(RECORDS FOR THE EXERCISE)

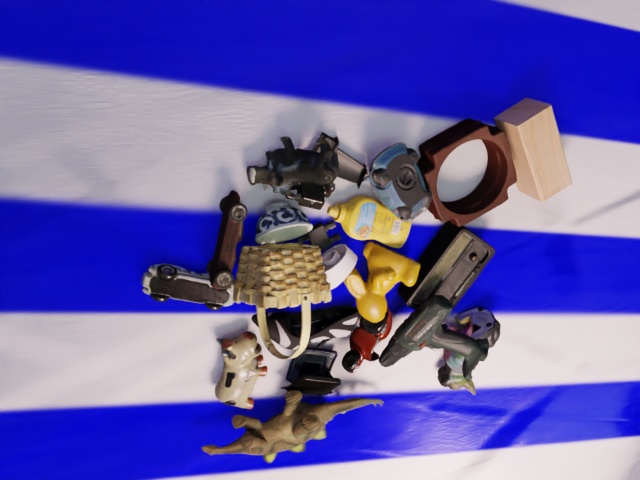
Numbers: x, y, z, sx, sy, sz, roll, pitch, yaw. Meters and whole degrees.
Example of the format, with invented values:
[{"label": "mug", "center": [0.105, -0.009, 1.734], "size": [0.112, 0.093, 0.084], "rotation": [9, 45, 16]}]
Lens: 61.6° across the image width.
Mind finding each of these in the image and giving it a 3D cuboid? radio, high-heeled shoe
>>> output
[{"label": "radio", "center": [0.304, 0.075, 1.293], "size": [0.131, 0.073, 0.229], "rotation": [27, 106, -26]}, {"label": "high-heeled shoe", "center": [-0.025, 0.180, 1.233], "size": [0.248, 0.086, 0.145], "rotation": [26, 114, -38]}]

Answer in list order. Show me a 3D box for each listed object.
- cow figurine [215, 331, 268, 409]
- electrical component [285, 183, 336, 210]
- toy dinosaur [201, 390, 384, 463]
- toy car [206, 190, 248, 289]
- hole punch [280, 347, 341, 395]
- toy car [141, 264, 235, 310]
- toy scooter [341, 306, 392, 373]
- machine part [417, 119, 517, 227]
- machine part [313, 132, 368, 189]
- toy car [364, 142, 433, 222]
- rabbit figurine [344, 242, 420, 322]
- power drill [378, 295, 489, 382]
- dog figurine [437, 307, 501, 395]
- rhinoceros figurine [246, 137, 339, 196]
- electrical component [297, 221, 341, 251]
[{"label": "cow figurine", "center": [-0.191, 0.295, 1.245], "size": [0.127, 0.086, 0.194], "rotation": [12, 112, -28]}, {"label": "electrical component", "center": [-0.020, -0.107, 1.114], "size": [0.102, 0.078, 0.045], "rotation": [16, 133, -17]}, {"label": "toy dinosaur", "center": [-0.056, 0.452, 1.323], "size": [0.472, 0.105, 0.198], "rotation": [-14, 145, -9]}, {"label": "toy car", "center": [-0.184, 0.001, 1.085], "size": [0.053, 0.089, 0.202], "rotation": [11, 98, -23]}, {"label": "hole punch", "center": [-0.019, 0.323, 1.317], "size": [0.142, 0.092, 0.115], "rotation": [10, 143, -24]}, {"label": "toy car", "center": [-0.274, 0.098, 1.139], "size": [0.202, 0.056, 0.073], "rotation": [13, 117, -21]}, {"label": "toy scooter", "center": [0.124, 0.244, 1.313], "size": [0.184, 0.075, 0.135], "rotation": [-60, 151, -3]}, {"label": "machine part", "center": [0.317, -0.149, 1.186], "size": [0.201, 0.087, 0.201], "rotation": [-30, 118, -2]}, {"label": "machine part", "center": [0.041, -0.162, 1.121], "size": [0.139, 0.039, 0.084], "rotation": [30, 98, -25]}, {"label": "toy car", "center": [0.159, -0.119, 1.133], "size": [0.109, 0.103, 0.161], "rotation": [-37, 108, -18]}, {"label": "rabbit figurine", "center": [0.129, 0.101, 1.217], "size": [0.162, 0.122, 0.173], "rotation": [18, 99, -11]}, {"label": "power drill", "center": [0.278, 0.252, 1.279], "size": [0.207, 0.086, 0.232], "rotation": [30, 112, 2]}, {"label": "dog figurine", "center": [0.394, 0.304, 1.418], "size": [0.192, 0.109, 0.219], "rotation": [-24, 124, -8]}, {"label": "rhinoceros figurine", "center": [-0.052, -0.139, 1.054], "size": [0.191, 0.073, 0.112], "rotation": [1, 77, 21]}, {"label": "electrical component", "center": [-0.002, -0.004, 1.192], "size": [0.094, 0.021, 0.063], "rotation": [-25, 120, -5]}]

(End RECORDS FOR THE EXERCISE)

* _INSTRUCTIONS TO FOLLOW_
Please retype every record exactly, leaving the pictures out.

* _EXPECTED OUTPUT_
Numbers: x, y, z, sx, sy, sz, roll, pitch, yaw. Meters and whole degrees.
Example of the format, with invented values:
[{"label": "mug", "center": [0.105, -0.009, 1.734], "size": [0.112, 0.093, 0.084], "rotation": [9, 45, 16]}]
Lens: 61.6° across the image width.
Mind finding each of these in the image and giving it a 3D cuboid? radio, high-heeled shoe
>>> output
[{"label": "radio", "center": [0.304, 0.075, 1.293], "size": [0.131, 0.073, 0.229], "rotation": [27, 106, -26]}, {"label": "high-heeled shoe", "center": [-0.025, 0.180, 1.233], "size": [0.248, 0.086, 0.145], "rotation": [26, 114, -38]}]

Answer in list order. Show me a 3D box for each listed object.
- cow figurine [215, 331, 268, 409]
- electrical component [285, 183, 336, 210]
- toy dinosaur [201, 390, 384, 463]
- toy car [206, 190, 248, 289]
- hole punch [280, 347, 341, 395]
- toy car [141, 264, 235, 310]
- toy scooter [341, 306, 392, 373]
- machine part [417, 119, 517, 227]
- machine part [313, 132, 368, 189]
- toy car [364, 142, 433, 222]
- rabbit figurine [344, 242, 420, 322]
- power drill [378, 295, 489, 382]
- dog figurine [437, 307, 501, 395]
- rhinoceros figurine [246, 137, 339, 196]
- electrical component [297, 221, 341, 251]
[{"label": "cow figurine", "center": [-0.191, 0.295, 1.245], "size": [0.127, 0.086, 0.194], "rotation": [12, 112, -28]}, {"label": "electrical component", "center": [-0.020, -0.107, 1.114], "size": [0.102, 0.078, 0.045], "rotation": [16, 133, -17]}, {"label": "toy dinosaur", "center": [-0.056, 0.452, 1.323], "size": [0.472, 0.105, 0.198], "rotation": [-14, 145, -9]}, {"label": "toy car", "center": [-0.184, 0.001, 1.085], "size": [0.053, 0.089, 0.202], "rotation": [11, 98, -23]}, {"label": "hole punch", "center": [-0.019, 0.323, 1.317], "size": [0.142, 0.092, 0.115], "rotation": [10, 143, -24]}, {"label": "toy car", "center": [-0.274, 0.098, 1.139], "size": [0.202, 0.056, 0.073], "rotation": [13, 117, -21]}, {"label": "toy scooter", "center": [0.124, 0.244, 1.313], "size": [0.184, 0.075, 0.135], "rotation": [-60, 151, -3]}, {"label": "machine part", "center": [0.317, -0.149, 1.186], "size": [0.201, 0.087, 0.201], "rotation": [-30, 118, -2]}, {"label": "machine part", "center": [0.041, -0.162, 1.121], "size": [0.139, 0.039, 0.084], "rotation": [30, 98, -25]}, {"label": "toy car", "center": [0.159, -0.119, 1.133], "size": [0.109, 0.103, 0.161], "rotation": [-37, 108, -18]}, {"label": "rabbit figurine", "center": [0.129, 0.101, 1.217], "size": [0.162, 0.122, 0.173], "rotation": [18, 99, -11]}, {"label": "power drill", "center": [0.278, 0.252, 1.279], "size": [0.207, 0.086, 0.232], "rotation": [30, 112, 2]}, {"label": "dog figurine", "center": [0.394, 0.304, 1.418], "size": [0.192, 0.109, 0.219], "rotation": [-24, 124, -8]}, {"label": "rhinoceros figurine", "center": [-0.052, -0.139, 1.054], "size": [0.191, 0.073, 0.112], "rotation": [1, 77, 21]}, {"label": "electrical component", "center": [-0.002, -0.004, 1.192], "size": [0.094, 0.021, 0.063], "rotation": [-25, 120, -5]}]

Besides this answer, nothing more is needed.